LLaMA: Open and Efficient Foundation Language Models

Hugo Touvron,Thibaut Lavril,Gautier Izacard,Xavier Martinet,Marie-Anne Lachaux,Timothée Lacroix,Baptiste Rozière,Naman Goyal,Eric Hambro,Faisal Azhar,Aurelien Rodriguez,Armand Joulin,Edouard Grave,Guillaume Lample
2023-02-28
Abstract:We introduce LLaMA, a collection of foundation language models ranging from 7B to 65B parameters. We train our models on trillions of tokens, and show that it is possible to train state-of-the-art models using publicly available datasets exclusively, without resorting to proprietary and inaccessible datasets. In particular, LLaMA-13B outperforms GPT-3 (175B) on most benchmarks, and LLaMA-65B is competitive with the best models, Chinchilla-70B and PaLM-540B. We release all our models to the research community.
Computation and Language
What problem does this paper attempt to address?

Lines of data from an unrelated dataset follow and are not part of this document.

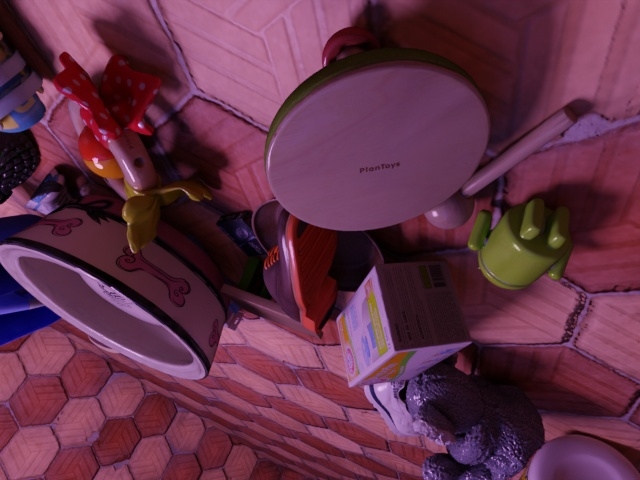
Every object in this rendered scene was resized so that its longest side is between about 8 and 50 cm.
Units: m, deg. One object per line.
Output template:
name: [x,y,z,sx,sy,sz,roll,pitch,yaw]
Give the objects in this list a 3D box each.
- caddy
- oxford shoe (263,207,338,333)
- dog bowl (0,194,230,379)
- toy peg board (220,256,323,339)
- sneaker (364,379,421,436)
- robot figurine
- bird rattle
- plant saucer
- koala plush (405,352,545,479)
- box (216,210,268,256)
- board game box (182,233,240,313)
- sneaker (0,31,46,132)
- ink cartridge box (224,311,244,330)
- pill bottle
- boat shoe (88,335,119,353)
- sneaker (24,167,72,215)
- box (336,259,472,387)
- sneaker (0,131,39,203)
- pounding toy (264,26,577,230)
caddy: [-0.633,0.086,0.961,0.179,0.341,0.242,28,109,11]
oxford shoe: [-0.039,0.038,0.597,0.098,0.097,0.271,23,148,17]
dog bowl: [-0.347,0.086,0.831,0.407,0.150,0.408,20,147,14]
toy peg board: [-0.068,0.100,0.810,0.161,0.079,0.161,18,163,14]
sneaker: [0.186,0.352,0.964,0.094,0.090,0.235,-15,131,35]
robot figurine: [0.205,0.008,0.466,0.101,0.067,0.115,18,148,5]
bird rattle: [-0.268,-0.116,0.589,0.206,0.143,0.254,22,149,39]
plant saucer: [0.000,0.000,0.635,0.198,0.036,0.199,19,148,12]
koala plush: [0.222,0.270,0.737,0.203,0.196,0.221,-25,122,38]
box: [-0.115,-0.009,0.722,0.067,0.018,0.083,-6,135,42]
board game box: [-0.268,0.063,0.918,0.160,0.039,0.212,7,143,29]
sneaker: [-0.396,-0.232,0.513,0.318,0.127,0.208,-1,138,52]
ink cartridge box: [-0.216,0.160,1.010,0.083,0.048,0.028,24,149,4]
pill bottle: [0.481,0.519,0.885,0.187,0.188,0.334,12,145,22]
boat shoe: [-0.567,0.266,1.364,0.341,0.123,0.123,8,135,22]
sneaker: [-0.497,-0.079,0.866,0.083,0.072,0.190,37,156,-28]
box: [0.102,0.123,0.633,0.103,0.114,0.203,-3,153,-15]
sneaker: [-0.632,-0.135,0.815,0.343,0.134,0.146,-17,114,39]
pounding toy: [0.064,-0.102,0.406,0.236,0.110,0.183,6,143,-23]
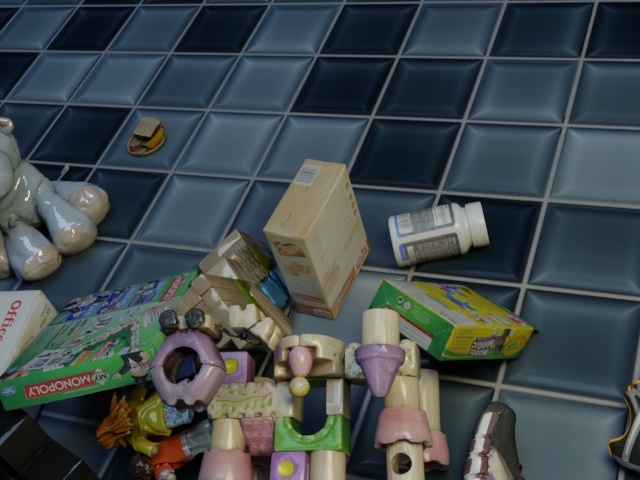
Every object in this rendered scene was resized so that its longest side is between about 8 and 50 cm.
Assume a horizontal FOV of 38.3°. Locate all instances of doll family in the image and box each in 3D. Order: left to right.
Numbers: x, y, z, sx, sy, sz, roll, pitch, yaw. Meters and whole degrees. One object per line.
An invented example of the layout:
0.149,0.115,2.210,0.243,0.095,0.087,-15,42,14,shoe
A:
-0.227,0.203,1.243,0.163,0.118,0.263,-24,36,8,doll family

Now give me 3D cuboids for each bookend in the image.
-0.378,0.289,1.216,0.157,0.156,0.072,22,59,32,bookend

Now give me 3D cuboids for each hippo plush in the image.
-0.506,-0.101,1.556,0.234,0.236,0.294,-10,47,10,hippo plush

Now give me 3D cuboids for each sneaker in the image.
0.232,0.325,1.027,0.163,0.106,0.281,8,61,17,sneaker
0.406,0.183,1.098,0.083,0.084,0.215,9,53,31,sneaker

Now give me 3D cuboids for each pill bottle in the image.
0.174,-0.011,1.354,0.137,0.078,0.078,-12,47,8,pill bottle

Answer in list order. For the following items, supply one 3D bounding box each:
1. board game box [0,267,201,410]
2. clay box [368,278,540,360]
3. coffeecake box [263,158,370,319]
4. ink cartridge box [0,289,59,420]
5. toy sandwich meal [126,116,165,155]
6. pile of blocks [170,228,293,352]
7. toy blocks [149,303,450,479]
-0.294,0.130,1.300,0.214,0.046,0.317,-12,15,7,board game box
0.180,0.104,1.197,0.127,0.222,0.053,34,106,39,clay box
0.000,0.000,1.328,0.068,0.185,0.142,11,53,26,coffeecake box
-0.550,0.190,1.390,0.283,0.117,0.207,-3,48,17,ink cartridge box
-0.327,-0.195,1.724,0.086,0.029,0.085,-10,47,10,toy sandwich meal
-0.125,0.097,1.290,0.113,0.149,0.362,-42,7,12,pile of blocks
-0.014,0.244,1.037,0.289,0.309,0.260,-5,64,14,toy blocks
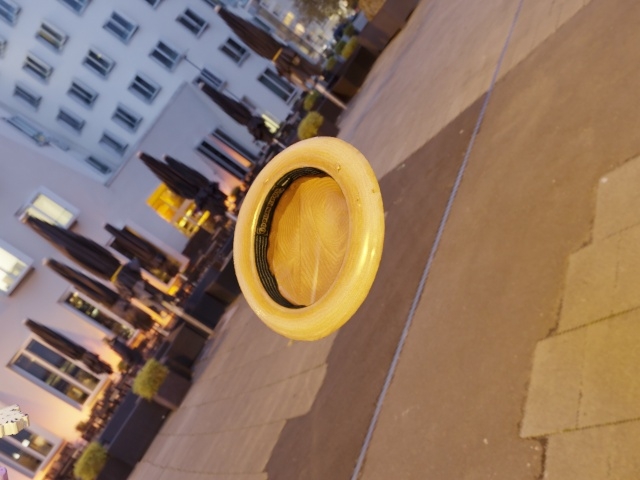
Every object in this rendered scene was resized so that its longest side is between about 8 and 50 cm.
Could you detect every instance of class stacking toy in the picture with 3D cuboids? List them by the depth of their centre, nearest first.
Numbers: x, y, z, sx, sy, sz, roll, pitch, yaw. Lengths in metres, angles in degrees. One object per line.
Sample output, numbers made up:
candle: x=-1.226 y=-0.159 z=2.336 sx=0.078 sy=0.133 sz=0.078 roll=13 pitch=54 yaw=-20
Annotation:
stacking toy: x=-0.472 y=0.330 z=0.730 sx=0.221 sy=0.167 sz=0.052 roll=-16 pitch=20 yaw=-41

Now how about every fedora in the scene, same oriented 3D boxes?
fedora: x=0.000 y=0.000 z=0.558 sx=0.194 sy=0.079 sz=0.194 roll=-9 pitch=76 yaw=37
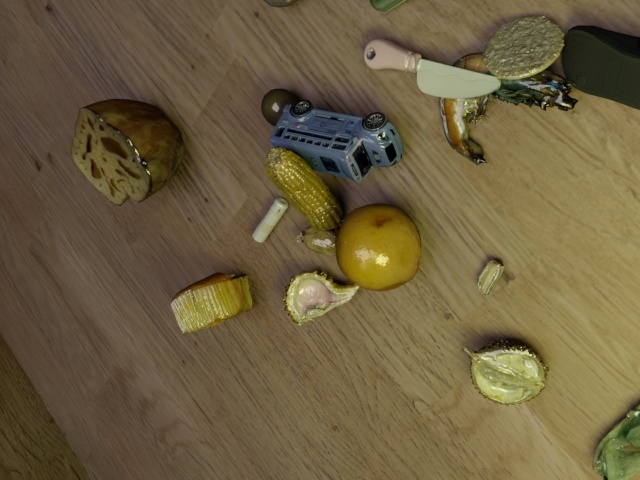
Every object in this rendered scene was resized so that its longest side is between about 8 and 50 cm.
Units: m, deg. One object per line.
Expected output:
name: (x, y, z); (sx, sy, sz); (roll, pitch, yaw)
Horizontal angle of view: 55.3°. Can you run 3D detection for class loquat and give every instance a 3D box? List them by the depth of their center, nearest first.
loquat: (0.125, 0.015, 1.369); (0.208, 0.208, 0.208); (9, 107, 33)

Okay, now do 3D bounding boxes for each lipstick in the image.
lipstick: (-0.134, -0.055, 1.634); (0.040, 0.040, 0.141); (47, 123, 16)

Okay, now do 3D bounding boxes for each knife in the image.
knife: (0.220, -0.350, 1.280); (0.336, 0.043, 0.081); (32, 122, 36)

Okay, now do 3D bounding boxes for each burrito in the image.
burrito: (0.634, 0.372, 1.193); (0.096, 0.066, 0.309); (37, 123, 19)

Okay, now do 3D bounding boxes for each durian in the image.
durian: (0.392, 0.266, 1.315); (0.188, 0.091, 0.148); (24, 115, 4)
durian: (0.011, 0.137, 1.565); (0.224, 0.078, 0.140); (-13, 82, 26)

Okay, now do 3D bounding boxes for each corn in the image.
corn: (-0.039, -0.118, 1.421); (0.101, 0.291, 0.101); (-14, 58, 24)

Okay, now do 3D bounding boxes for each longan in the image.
longan: (-0.094, -0.322, 1.511); (0.113, 0.113, 0.092); (23, 71, 28)

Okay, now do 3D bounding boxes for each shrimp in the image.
shrimp: (0.358, -0.254, 1.220); (0.290, 0.054, 0.222); (22, 112, 38)

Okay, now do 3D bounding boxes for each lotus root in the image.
lotus root: (0.368, 0.077, 1.325); (0.037, 0.030, 0.083); (36, 118, 30)
lotus root: (0.000, 0.000, 1.539); (0.152, 0.063, 0.072); (12, 128, 27)
lotus root: (-0.527, -0.243, 1.751); (0.316, 0.250, 0.316); (16, 121, 28)

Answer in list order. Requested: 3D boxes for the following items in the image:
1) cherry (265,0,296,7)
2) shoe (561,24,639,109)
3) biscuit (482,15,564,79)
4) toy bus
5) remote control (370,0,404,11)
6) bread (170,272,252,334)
cherry: (-0.091, -0.643, 1.415); (0.148, 0.115, 0.188); (-4, 95, 55)
shoe: (0.534, -0.304, 1.077); (0.241, 0.093, 0.108); (-127, 29, -47)
biscuit: (0.384, -0.367, 1.163); (0.152, 0.020, 0.152); (-13, 58, 22)
toy bus: (0.037, -0.219, 1.391); (0.292, 0.125, 0.133); (17, 68, 30)
remote control: (0.225, -0.599, 1.234); (0.335, 0.065, 0.128); (-22, 91, 37)
bread: (-0.296, 0.167, 1.674); (0.179, 0.250, 0.133); (-26, 85, 24)
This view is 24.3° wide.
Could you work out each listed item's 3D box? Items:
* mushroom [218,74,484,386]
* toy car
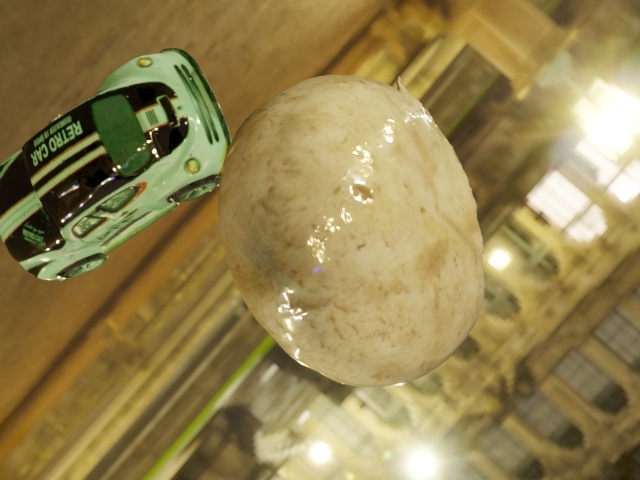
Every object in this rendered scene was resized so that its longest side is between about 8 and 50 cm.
[{"bbox_3d":[0.000,0.000,1.168,0.195,0.254,0.189,-22,173,33],"label":"mushroom"},{"bbox_3d":[-0.223,-0.064,1.426,0.306,0.136,0.125,-30,170,33],"label":"toy car"}]

The main problem this paper attempts to address is the development of a set of efficient and open Foundation Language Models (FLMs) that can achieve optimal performance under different scales of inference budgets. Specifically, the goals of the paper include: 1. **Model Performance Optimization**: By training on a large amount of data, the model aims to achieve or exceed the performance of existing top models in various benchmarks. For example, LLaMA-13B surpasses GPT-3 (175B parameters) in most benchmarks, while LLaMA-65B competes with top models like Chinchilla-70B and PaLM-540B. 2. **Dataset Openness**: Unlike many models that rely on proprietary datasets, LLaMA is trained only on publicly available data, making the model open-source and accessible for the research community. 3. **Inference Efficiency**: Choosing models that train faster and infer more efficiently given a performance target. Although larger models may be cheaper to train, smaller models can be more economical during inference. For example, while Hoffmann et al. suggest training a 10B parameter model with 200B tokens, the authors find that a 7B parameter model continues to improve in performance after using 1T tokens. 4. **Multi-task Understanding and Generation Capability**: Evaluating the model's performance on various tasks, including common sense reasoning, closed-book question answering, reading comprehension, mathematical reasoning, and code generation. Results show that LLaMA performs excellently on multiple tasks, especially in zero-shot and few-shot settings. 5. **Instruction Fine-tuning**: Further improving the model's performance on tasks like multi-task language understanding (MMLU) through brief instruction fine-tuning. Even without fine-tuning, LLaMA-65B can follow basic instructions, with performance further enhanced after fine-tuning. 6. **Bias, Toxicity, and Misinformation Assessment**: Evaluating whether the content generated by the model contains bias, toxicity, and misinformation to ensure the model's safety in practical applications. Through multiple standard benchmarks, the authors find that LLaMA performs better than other models in some aspects but still needs improvement in others. In summary, this paper aims to provide an efficient, open, and high-performing foundation language model through the development of the LLaMA model series, to advance research and applications in the field of natural language processing.